- Date: 19–25 July
- Edition: 15th
- Surface: Hard
- Location: Pozoblanco, Spain

Champions

Singles
- Altuğ Çelikbilek

Doubles
- Igor Sijsling / Tim van Rijthoven
- ← 2012 · Open de Tenis Ciudad de Pozoblanco · 2022 →

= 2021 Open de Tenis Ciudad de Pozoblanco =

The 2021 Open de Tenis Ciudad de Pozoblanco was a professional tennis tournament played on hardcourts. It was the 15th edition of the tournament which was part of the 2021 ATP Challenger Tour. It took place in Pozoblanco, Spain between 19 and 25 July 2021.

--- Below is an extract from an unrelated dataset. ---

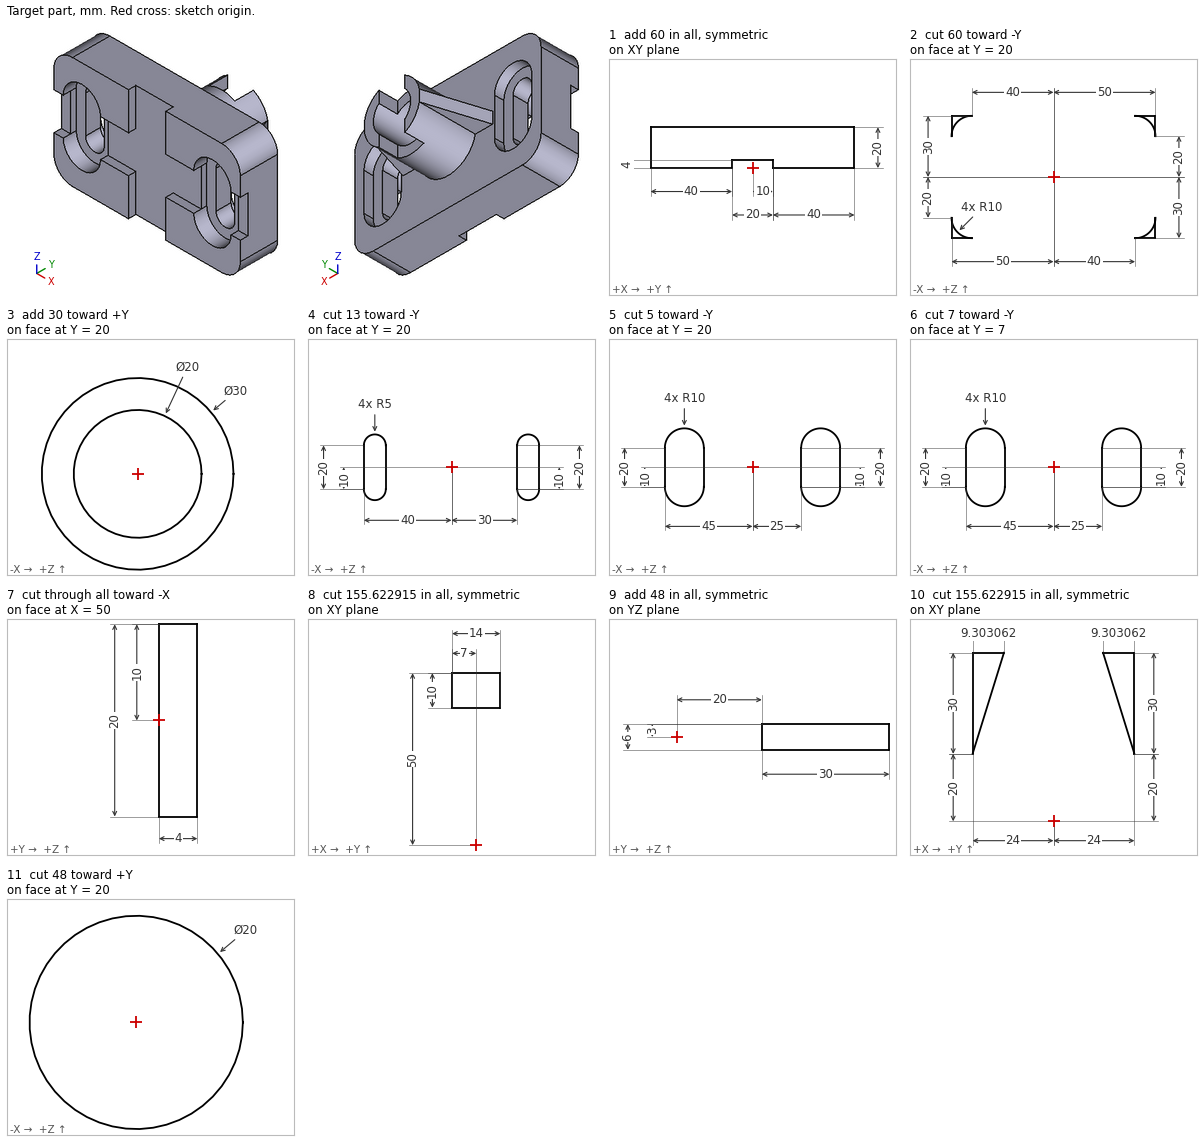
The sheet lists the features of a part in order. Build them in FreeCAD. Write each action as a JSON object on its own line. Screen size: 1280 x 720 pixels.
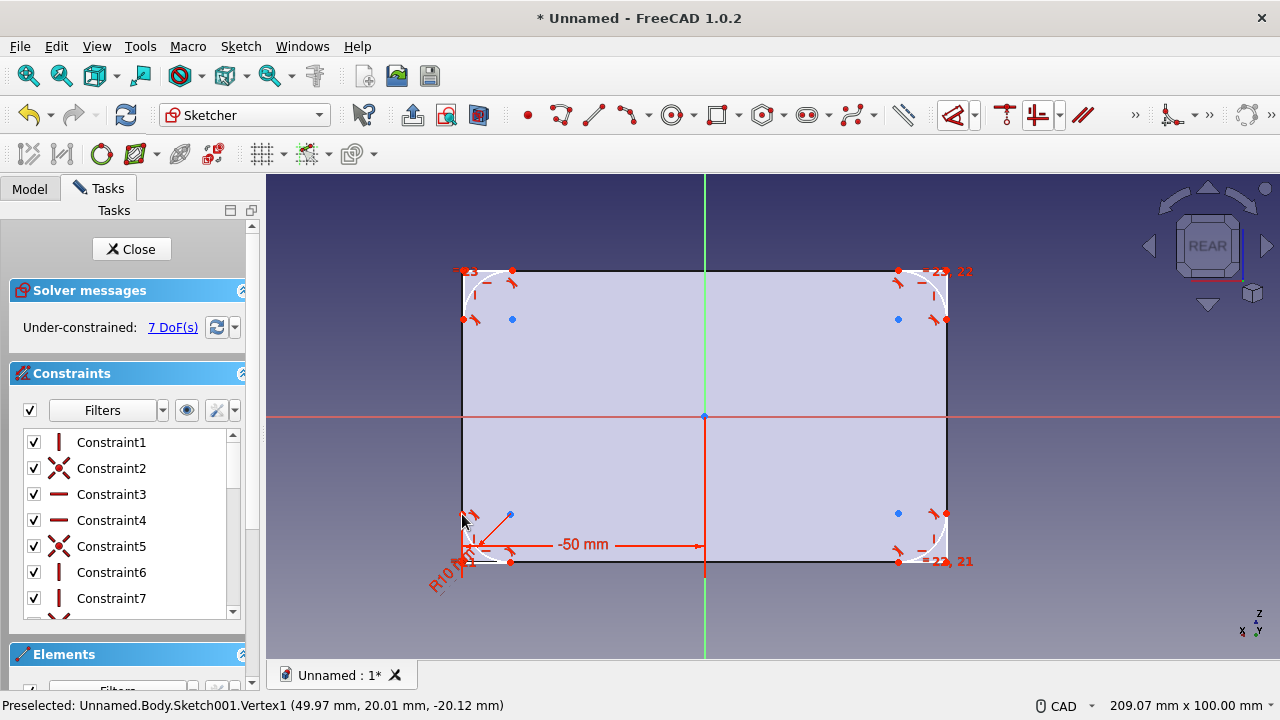
{"action": "left_click", "coordinate": [462, 514]}

==Singles main-draw entrants==
===Seeds===

| Country | Player | Rank^{1} | Seed |
|---|---|---|---|
| FRA | Benjamin Bonzi | 108 | 1 |
| FRA | Grégoire Barrère | 137 | 2 |
| TUR | Altuğ Çelikbilek | 199 | 3 |
| TUR | Cem İlkel | 204 | 4 |
| FRA | Maxime Janvier | 229 | 5 |
| CRO | Borna Gojo | 235 | 6 |
| GER | Yannick Maden | 241 | 7 |
| ESP | Nicola Kuhn | 250 | 8 |

- ^{1} Rankings are as of July 12, 2021.

===Other entrants===
The following players received wildcards into the singles main draw:
- ESP Nicolás Álvarez Varona
- ESP Alberto Barroso Campos
- ESP Blas Ruiz Romero

The following players received entry into the singles main draw as alternates:
- ESP Carlos Gómez-Herrera
- TUN Skander Mansouri
- FRA Rayane Roumane

The following players received entry from the qualifying draw:
- FRA Mathias Bourgue
- BEL Michael Geerts
- FRA Matteo Martineau
- USA Emilio Nava

The following player received entry as a lucky loser:
- BOL Federico Zeballos

==Champions==
===Singles===

- TUR Altuğ Çelikbilek def. TUR Cem İlkel 6–1, 6–7^{(2–7)}, 6–3.

===Doubles===

- NED Igor Sijsling / NED Tim van Rijthoven def. ECU Diego Hidalgo / ESP Sergio Martos Gornés 5–7, 7–6^{(7–4)}, [10–5].